- Active: October 1864 - June 5, 1865
- Country: United States
- Allegiance: Union
- Branch: Infantry
- Engagements: Appomattox Campaign Battle of Lewis's Farm Battle of White Oak Road Battle of Five Forks Third Battle of Petersburg Battle of Appomattox Court House

= 8th Delaware Infantry Regiment =

The 8th Delaware Infantry Regiment was an infantry regiment in the Union Army during the American Civil War.

==Service==
The 8th Delaware Infantry Regiment was organized at Wilmington, Delaware in October 1864 and mustered in for one year's service.

The regiment was attached to Engineer Brigade, Army of the Potomac, to January 12, 1865. Provost Guard, Army of the Potomac, to March 1865. 3rd Brigade, 2nd Division, V Corps, Army of the Potomac, to June 1865.

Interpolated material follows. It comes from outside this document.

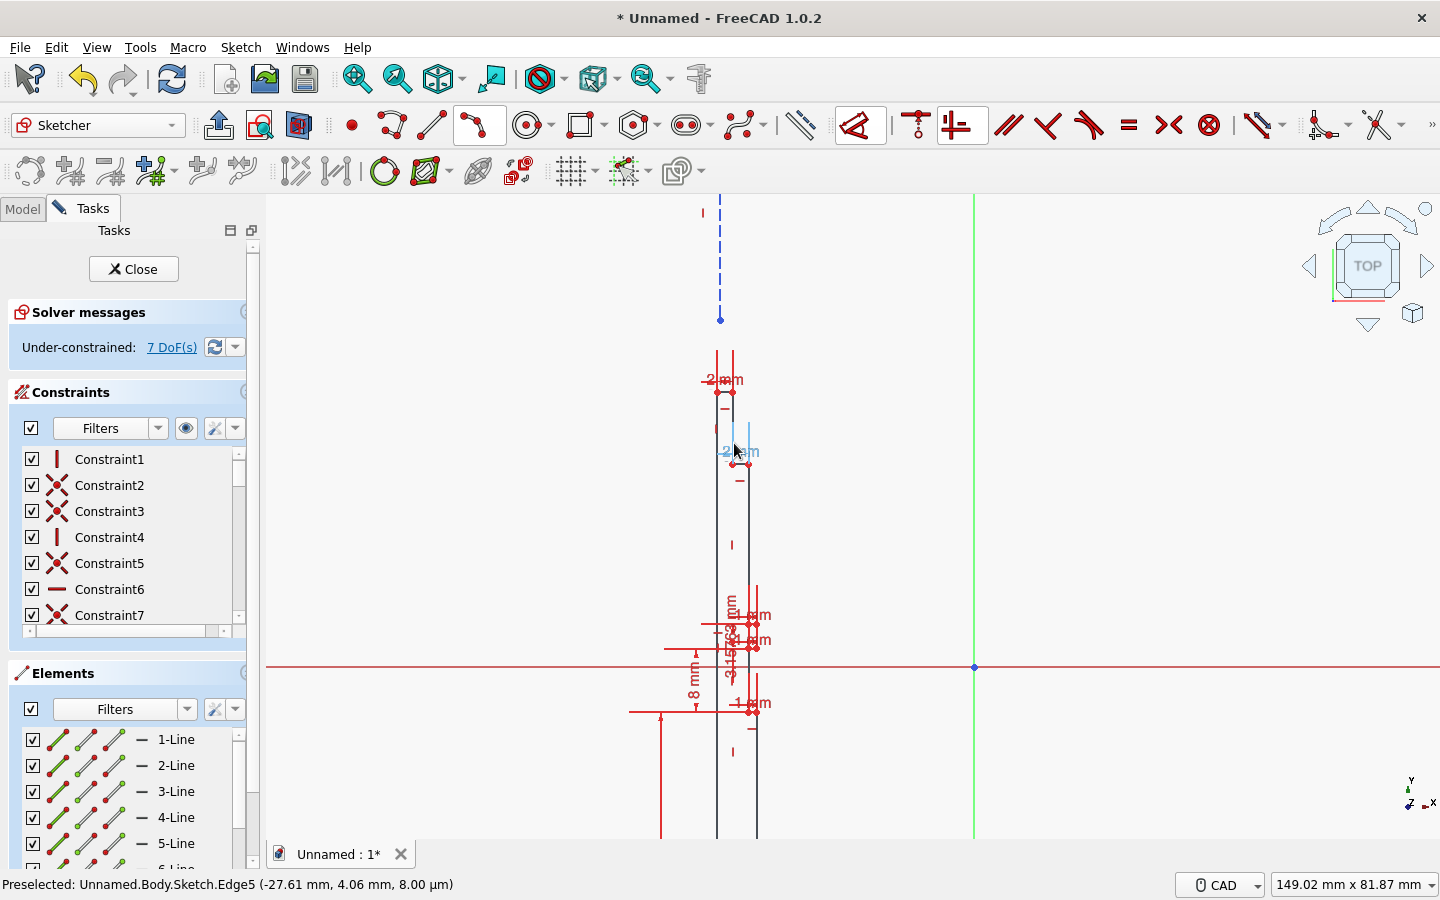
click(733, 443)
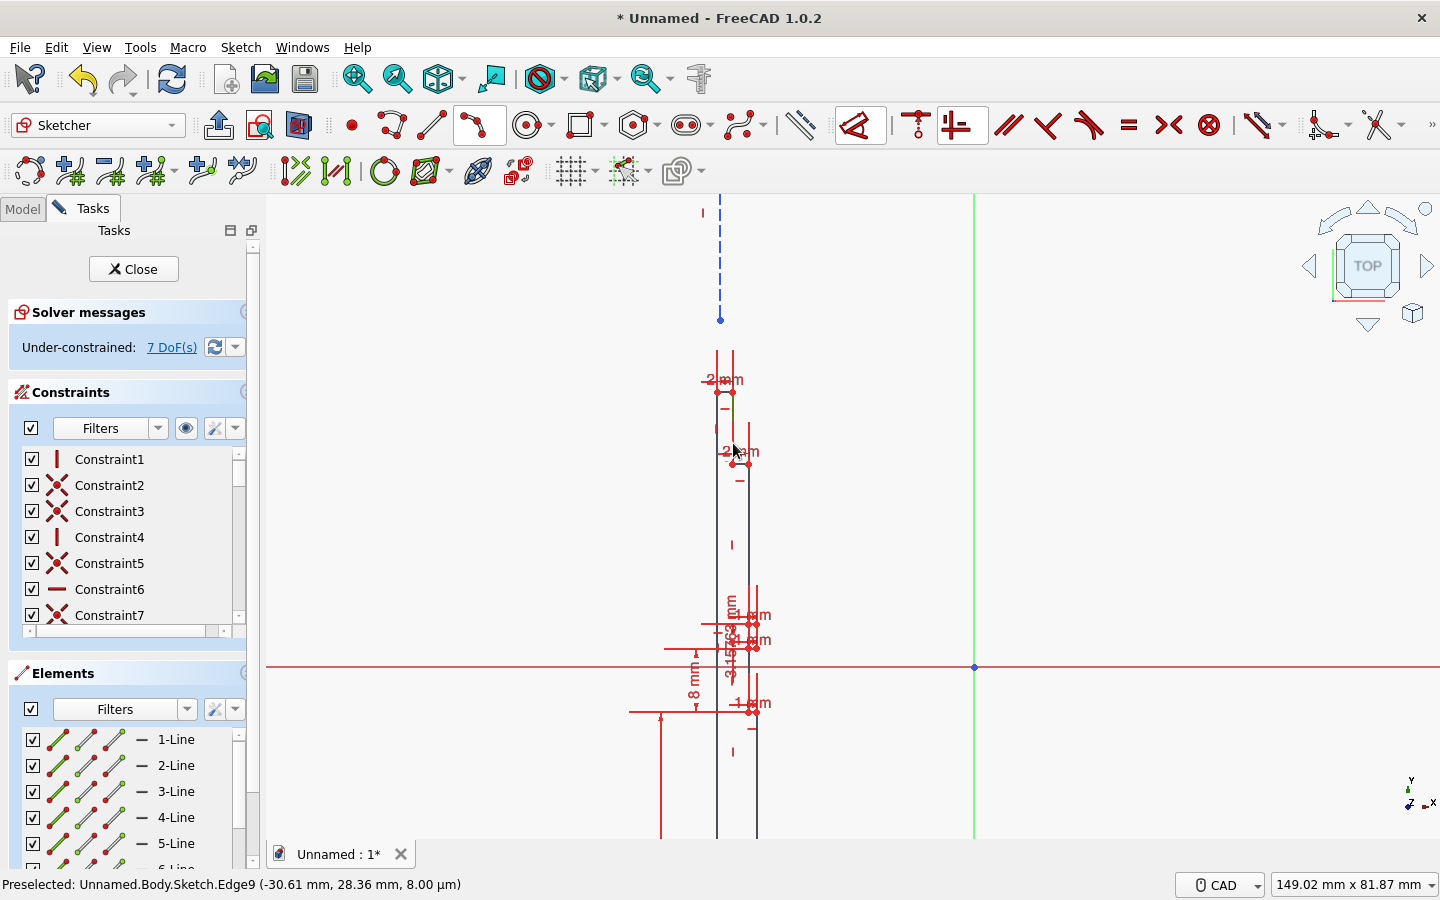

The 8th Delaware Infantry mustered out of service June 5, 1865.

==Detailed service==
Ordered to City Point, Virginia, reporting there October 13, 1864. Duty in the defenses of City Point, and provost duty at General Army Headquarters until March 16, 1865. Joined V Corps March 18. Appomattox Campaign March 28-April 9. Lewis Farm, near Gravelly Run, March 29. White Oak Ridge March 31. Five Forks April 1. Fall of Petersburg April 2. Pursuit of Lee April 3–9. Appomattox Court House April 9. Surrender of Lee and his army. Moved to Washington, D.C., May 2–12. Grand Review of the Armies May 23.

==Casualties==
The regiment lost a total of 13 men during service; 3 enlisted men killed or mortally wounded, 10 enlisted men died of disease.